Exercise objective -
Could you find every line in the entries below that holds the word "Splash" and copy it?

==== Extracted entries

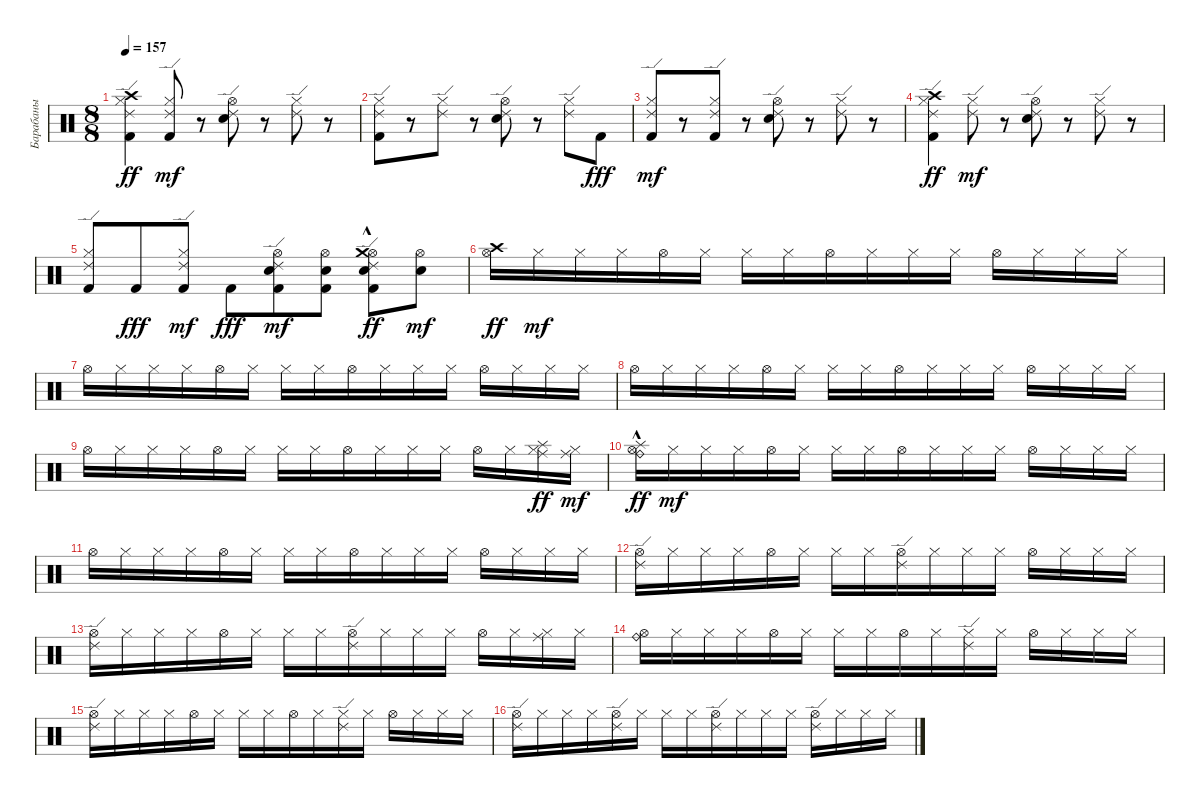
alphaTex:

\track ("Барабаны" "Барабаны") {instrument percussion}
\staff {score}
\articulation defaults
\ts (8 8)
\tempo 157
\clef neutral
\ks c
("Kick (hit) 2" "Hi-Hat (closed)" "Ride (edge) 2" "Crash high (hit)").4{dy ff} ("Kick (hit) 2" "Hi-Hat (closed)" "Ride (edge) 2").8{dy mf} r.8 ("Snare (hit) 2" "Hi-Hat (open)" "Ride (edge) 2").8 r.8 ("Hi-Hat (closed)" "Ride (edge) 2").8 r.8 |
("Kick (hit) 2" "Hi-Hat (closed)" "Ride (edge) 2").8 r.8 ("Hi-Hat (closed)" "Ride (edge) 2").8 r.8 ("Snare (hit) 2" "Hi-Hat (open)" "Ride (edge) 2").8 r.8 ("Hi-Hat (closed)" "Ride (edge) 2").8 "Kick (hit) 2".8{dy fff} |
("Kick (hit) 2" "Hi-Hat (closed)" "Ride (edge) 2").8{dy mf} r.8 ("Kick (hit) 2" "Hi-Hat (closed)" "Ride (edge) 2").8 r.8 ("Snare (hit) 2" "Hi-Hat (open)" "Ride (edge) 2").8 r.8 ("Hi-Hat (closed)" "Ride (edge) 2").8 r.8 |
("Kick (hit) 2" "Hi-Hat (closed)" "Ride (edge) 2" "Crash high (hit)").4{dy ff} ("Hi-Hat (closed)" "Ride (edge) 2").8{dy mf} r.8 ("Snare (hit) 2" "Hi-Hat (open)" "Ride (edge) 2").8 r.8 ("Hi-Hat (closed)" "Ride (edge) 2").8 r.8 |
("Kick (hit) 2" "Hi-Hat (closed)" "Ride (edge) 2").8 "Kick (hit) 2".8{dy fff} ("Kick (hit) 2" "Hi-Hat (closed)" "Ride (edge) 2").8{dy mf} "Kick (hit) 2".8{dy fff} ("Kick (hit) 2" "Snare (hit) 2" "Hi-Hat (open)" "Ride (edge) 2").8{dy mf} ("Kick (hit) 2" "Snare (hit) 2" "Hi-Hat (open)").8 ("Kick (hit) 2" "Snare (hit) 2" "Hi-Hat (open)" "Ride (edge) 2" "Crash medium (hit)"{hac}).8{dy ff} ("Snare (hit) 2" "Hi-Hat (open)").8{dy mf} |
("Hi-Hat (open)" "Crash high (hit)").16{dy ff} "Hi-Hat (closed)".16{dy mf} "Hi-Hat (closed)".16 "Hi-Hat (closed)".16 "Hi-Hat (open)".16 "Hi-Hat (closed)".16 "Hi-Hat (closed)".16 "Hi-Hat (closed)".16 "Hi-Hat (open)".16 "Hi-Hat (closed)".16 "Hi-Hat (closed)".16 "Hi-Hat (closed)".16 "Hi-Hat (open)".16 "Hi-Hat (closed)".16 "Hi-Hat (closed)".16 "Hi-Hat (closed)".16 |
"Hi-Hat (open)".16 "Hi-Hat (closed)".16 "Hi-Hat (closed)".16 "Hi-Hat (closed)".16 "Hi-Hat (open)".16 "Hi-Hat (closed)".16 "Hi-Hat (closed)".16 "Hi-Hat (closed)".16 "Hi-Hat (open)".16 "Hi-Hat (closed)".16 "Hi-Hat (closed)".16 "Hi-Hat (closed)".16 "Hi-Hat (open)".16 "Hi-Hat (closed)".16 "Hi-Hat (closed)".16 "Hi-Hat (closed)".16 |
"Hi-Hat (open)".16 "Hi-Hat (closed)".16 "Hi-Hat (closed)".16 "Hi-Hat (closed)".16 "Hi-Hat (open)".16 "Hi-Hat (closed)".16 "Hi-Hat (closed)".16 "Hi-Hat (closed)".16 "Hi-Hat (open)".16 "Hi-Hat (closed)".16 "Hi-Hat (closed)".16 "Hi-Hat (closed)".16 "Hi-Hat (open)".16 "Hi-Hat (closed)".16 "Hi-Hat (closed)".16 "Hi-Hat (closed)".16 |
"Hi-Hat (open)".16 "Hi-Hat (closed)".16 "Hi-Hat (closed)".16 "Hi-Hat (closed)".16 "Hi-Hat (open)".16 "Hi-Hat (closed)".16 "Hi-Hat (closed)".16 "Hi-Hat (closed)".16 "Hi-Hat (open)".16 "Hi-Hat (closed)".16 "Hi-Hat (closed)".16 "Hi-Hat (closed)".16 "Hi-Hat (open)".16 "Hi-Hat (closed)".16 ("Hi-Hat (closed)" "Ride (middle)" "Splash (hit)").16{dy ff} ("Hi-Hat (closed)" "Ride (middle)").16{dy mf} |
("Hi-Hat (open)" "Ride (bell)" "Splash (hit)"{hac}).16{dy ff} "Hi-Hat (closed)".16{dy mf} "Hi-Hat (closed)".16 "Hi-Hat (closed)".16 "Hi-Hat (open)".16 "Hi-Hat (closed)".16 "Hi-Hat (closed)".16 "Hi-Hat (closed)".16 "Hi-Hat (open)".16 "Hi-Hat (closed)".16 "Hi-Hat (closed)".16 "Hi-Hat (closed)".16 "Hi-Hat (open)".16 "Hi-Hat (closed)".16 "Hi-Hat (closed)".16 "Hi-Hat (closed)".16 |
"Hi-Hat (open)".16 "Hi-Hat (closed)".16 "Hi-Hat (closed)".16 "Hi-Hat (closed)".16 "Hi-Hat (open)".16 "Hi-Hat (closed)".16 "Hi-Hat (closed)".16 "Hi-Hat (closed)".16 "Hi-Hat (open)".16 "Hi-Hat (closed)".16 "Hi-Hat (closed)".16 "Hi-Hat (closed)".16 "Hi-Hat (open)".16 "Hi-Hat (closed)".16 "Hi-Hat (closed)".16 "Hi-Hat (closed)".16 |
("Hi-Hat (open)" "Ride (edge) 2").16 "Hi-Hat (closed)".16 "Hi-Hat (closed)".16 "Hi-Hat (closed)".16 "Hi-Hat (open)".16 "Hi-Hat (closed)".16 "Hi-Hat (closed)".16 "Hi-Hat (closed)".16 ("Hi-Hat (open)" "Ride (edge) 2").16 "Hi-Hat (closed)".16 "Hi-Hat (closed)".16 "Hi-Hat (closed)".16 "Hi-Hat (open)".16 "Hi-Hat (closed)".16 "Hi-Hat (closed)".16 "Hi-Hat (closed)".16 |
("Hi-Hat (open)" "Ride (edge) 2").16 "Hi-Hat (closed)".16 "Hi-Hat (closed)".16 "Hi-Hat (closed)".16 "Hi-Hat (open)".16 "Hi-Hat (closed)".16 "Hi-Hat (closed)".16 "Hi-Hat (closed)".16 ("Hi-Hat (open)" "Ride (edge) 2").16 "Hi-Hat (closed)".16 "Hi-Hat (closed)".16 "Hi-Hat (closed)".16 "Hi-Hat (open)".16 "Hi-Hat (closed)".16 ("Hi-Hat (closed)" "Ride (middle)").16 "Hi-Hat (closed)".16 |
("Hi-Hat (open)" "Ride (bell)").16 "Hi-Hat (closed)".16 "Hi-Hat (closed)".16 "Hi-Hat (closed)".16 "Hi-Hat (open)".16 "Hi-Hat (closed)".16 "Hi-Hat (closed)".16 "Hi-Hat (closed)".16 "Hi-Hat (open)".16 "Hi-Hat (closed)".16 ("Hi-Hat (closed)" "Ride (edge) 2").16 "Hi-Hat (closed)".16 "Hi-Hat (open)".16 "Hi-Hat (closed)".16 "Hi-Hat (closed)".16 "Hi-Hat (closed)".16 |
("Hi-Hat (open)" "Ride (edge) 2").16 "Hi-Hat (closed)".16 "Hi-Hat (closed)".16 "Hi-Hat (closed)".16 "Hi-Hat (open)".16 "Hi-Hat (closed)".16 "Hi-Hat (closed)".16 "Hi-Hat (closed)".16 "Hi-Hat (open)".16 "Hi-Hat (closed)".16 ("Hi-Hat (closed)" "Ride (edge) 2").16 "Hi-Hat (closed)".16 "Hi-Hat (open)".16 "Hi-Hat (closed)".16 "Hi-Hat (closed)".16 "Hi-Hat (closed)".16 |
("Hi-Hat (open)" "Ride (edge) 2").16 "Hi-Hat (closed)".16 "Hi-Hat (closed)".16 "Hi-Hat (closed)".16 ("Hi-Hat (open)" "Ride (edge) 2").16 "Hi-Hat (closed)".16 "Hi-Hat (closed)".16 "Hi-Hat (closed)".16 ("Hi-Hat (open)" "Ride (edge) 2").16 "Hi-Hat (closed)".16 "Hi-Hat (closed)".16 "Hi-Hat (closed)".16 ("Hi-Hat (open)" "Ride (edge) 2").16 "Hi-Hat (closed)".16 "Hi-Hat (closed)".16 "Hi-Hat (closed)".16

========
==== Extracted entries

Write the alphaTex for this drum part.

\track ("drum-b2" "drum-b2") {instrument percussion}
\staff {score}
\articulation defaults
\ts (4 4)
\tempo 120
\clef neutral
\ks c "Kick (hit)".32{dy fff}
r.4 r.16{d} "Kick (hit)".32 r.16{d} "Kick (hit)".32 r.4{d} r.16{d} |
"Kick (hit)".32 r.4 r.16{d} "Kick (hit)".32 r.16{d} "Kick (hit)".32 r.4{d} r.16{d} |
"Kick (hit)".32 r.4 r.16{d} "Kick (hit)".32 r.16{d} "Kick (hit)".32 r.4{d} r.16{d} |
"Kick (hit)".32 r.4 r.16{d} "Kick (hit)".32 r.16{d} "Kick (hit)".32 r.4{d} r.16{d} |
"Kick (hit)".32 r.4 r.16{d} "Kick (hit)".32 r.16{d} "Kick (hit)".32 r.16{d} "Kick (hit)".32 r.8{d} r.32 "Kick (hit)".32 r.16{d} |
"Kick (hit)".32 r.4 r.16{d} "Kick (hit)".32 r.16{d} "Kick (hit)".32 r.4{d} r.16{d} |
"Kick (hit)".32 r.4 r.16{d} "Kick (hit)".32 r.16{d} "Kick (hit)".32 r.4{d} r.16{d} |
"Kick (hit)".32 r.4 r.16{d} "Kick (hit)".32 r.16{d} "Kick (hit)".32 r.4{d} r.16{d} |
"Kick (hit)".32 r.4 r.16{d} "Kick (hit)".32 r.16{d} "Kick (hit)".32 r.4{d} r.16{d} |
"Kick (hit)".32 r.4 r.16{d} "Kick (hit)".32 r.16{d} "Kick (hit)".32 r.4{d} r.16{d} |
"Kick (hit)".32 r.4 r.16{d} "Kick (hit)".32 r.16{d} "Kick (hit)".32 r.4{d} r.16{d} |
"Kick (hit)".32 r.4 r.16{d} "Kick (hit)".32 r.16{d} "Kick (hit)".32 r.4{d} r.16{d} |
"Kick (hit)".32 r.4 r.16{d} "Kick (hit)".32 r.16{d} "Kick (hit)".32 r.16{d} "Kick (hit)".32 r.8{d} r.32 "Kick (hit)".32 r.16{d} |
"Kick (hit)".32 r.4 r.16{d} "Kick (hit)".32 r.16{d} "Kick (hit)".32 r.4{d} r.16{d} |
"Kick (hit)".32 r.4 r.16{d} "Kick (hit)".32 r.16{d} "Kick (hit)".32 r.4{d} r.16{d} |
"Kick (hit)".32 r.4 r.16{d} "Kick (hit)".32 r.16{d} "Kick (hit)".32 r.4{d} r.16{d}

========

Solution to this exercise -
"Hi-Hat (open)".16 "Hi-Hat (closed)".16 "Hi-Hat (closed)".16 "Hi-Hat (closed)".16 "Hi-Hat (open)".16 "Hi-Hat (closed)".16 "Hi-Hat (closed)".16 "Hi-Hat (closed)".16 "Hi-Hat (open)".16 "Hi-Hat (closed)".16 "Hi-Hat (closed)".16 "Hi-Hat (closed)".16 "Hi-Hat (open)".16 "Hi-Hat (closed)".16 ("Hi-Hat (closed)" "Ride (middle)" "Splash (hit)").16{dy ff} ("Hi-Hat (closed)" "Ride (middle)").16{dy mf} |
("Hi-Hat (open)" "Ride (bell)" "Splash (hit)"{hac}).16{dy ff} "Hi-Hat (closed)".16{dy mf} "Hi-Hat (closed)".16 "Hi-Hat (closed)".16 "Hi-Hat (open)".16 "Hi-Hat (closed)".16 "Hi-Hat (closed)".16 "Hi-Hat (closed)".16 "Hi-Hat (open)".16 "Hi-Hat (closed)".16 "Hi-Hat (closed)".16 "Hi-Hat (closed)".16 "Hi-Hat (open)".16 "Hi-Hat (closed)".16 "Hi-Hat (closed)".16 "Hi-Hat (closed)".16 |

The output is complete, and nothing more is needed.